Dr. Muneesh Tewari wins $450,000 Damon Runyon award

Human Biology researcher focuses on microRNAs made by tumor cells as potential early detection targets
Dr. Muneesh Tewari
Dr. Muneesh Tewari will receive $450,000 over three years. Photo by Susie Fitzhugh

Dr. Muneesh Tewari, of the Human Biology Division, has received $450,000 over three years from the Damon Runyon Cancer Research Foundation to pursue early detection research for lung and other cancers.

He is one of three early career scientists to receive the 2009 Damon Runyon-Rachleff Innovation Awards, given annually to advance projects that "have the potential to have a major impact on the prevention, diagnosis and treatment of cancer."

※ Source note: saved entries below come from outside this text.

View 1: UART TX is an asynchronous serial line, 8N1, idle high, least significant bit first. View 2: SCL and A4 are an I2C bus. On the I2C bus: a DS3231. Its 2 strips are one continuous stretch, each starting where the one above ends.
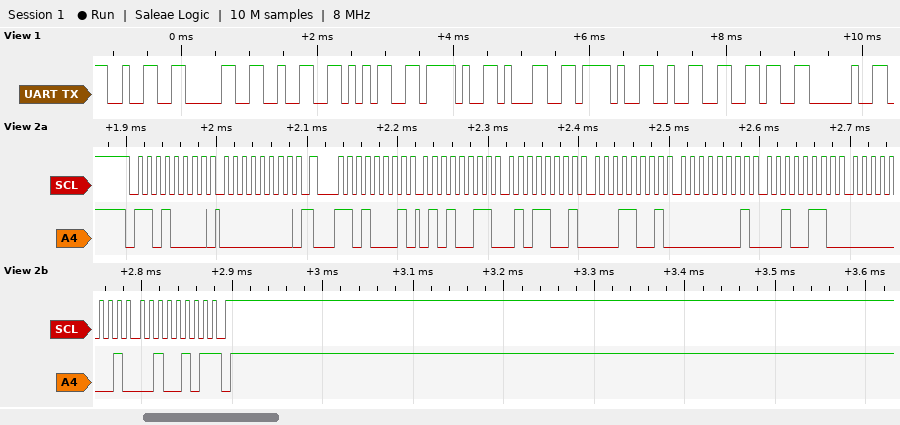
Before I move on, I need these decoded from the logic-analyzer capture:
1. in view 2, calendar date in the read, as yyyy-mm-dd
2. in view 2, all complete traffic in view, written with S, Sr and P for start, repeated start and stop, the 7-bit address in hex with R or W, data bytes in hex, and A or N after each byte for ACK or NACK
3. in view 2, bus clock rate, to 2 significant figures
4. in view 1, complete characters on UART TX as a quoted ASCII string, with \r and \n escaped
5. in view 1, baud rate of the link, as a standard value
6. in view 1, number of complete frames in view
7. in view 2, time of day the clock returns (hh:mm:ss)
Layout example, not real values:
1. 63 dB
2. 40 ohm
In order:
1. 2025-01-26
2. S 68W A 00 A Sr 68R A 53 A 59 A 19 A 01 A 26 A 01 A 25 N P
3. 100 kHz
4. "2025/1/26 "
5. 9600 baud
6. 10
7. 19:59:53
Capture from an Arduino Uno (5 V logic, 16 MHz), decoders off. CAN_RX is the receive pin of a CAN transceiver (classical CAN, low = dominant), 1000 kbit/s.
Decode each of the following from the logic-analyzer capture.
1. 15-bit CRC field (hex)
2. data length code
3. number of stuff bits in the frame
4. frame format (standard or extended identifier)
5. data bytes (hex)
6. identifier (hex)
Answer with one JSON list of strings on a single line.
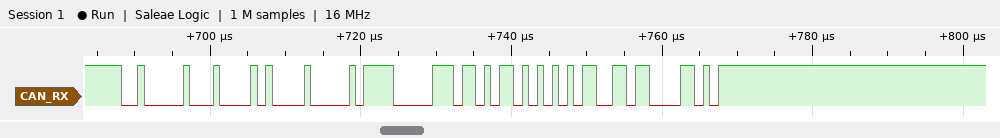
["0x4D86", "5", "3", "standard", "08 1E 0D AD 55", "0x201"]
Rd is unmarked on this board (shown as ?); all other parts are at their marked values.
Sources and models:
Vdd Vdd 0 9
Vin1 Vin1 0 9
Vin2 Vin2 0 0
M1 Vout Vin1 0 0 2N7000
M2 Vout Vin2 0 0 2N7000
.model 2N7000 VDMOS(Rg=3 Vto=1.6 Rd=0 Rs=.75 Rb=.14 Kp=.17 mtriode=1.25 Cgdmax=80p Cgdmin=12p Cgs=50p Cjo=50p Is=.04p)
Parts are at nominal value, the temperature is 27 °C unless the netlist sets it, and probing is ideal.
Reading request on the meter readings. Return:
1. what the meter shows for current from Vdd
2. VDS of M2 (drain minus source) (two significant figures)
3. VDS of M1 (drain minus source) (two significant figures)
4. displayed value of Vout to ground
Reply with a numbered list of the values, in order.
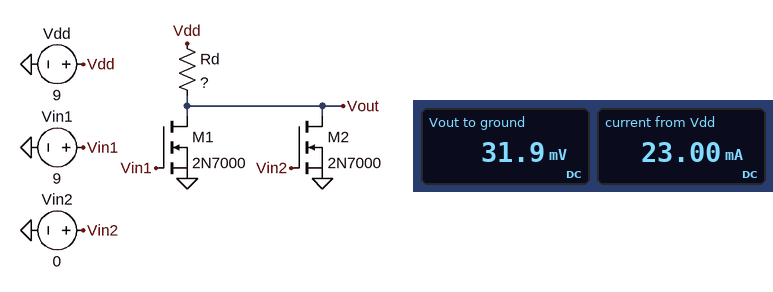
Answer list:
1. 23.00 mA
2. 32 mV
3. 32 mV
4. 31.9 mV
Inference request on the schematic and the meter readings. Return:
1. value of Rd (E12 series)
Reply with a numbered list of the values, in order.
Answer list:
1. 390 Ω
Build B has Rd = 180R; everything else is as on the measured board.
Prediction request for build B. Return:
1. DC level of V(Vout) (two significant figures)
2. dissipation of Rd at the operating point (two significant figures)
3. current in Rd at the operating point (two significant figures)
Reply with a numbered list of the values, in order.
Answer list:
1. 69 mV
2. 440 mW
3. 50 mA
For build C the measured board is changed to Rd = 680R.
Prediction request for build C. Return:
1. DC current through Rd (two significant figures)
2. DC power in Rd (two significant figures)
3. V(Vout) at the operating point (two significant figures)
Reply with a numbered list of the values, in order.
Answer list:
1. 13 mA
2. 120 mW
3. 18 mV
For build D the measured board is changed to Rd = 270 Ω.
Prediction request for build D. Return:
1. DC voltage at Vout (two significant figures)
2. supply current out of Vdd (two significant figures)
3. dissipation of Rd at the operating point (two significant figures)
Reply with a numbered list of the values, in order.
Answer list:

For many years, scientists have attempted to detect microscopic elements of tumors in blood to diagnose cancer in its early stages. With the recent advancements in computing power and DNA sequencing, Tewari has pursued a new line of research focused on microRNAs.

MicroRNA discovery

Tewari discovered that certain microRNAs are made only by tumor cells and that these can be detected in blood samples. His work could lead to the development of a sensitive blood test for cancers, particularly lung cancer, which is notoriously difficult to detect in its initial stages.

“We have come to a point where a substantial new approach for early detection has opened up, yet the work is so early that traditional sources of funding are not willing to invest in it,” Tewari said. “Thanks to the foundation and the Rachleffs’ vision and support, the concept will be able to be developed with full vigor.”

Venture capitalist Andy Rachleff and his wife, Debbie, partnered with the Damon Runyon Cancer Research Foundation to create the Innovation Award in 2007 to support “out-of-the-box ideas” with “huge potential.”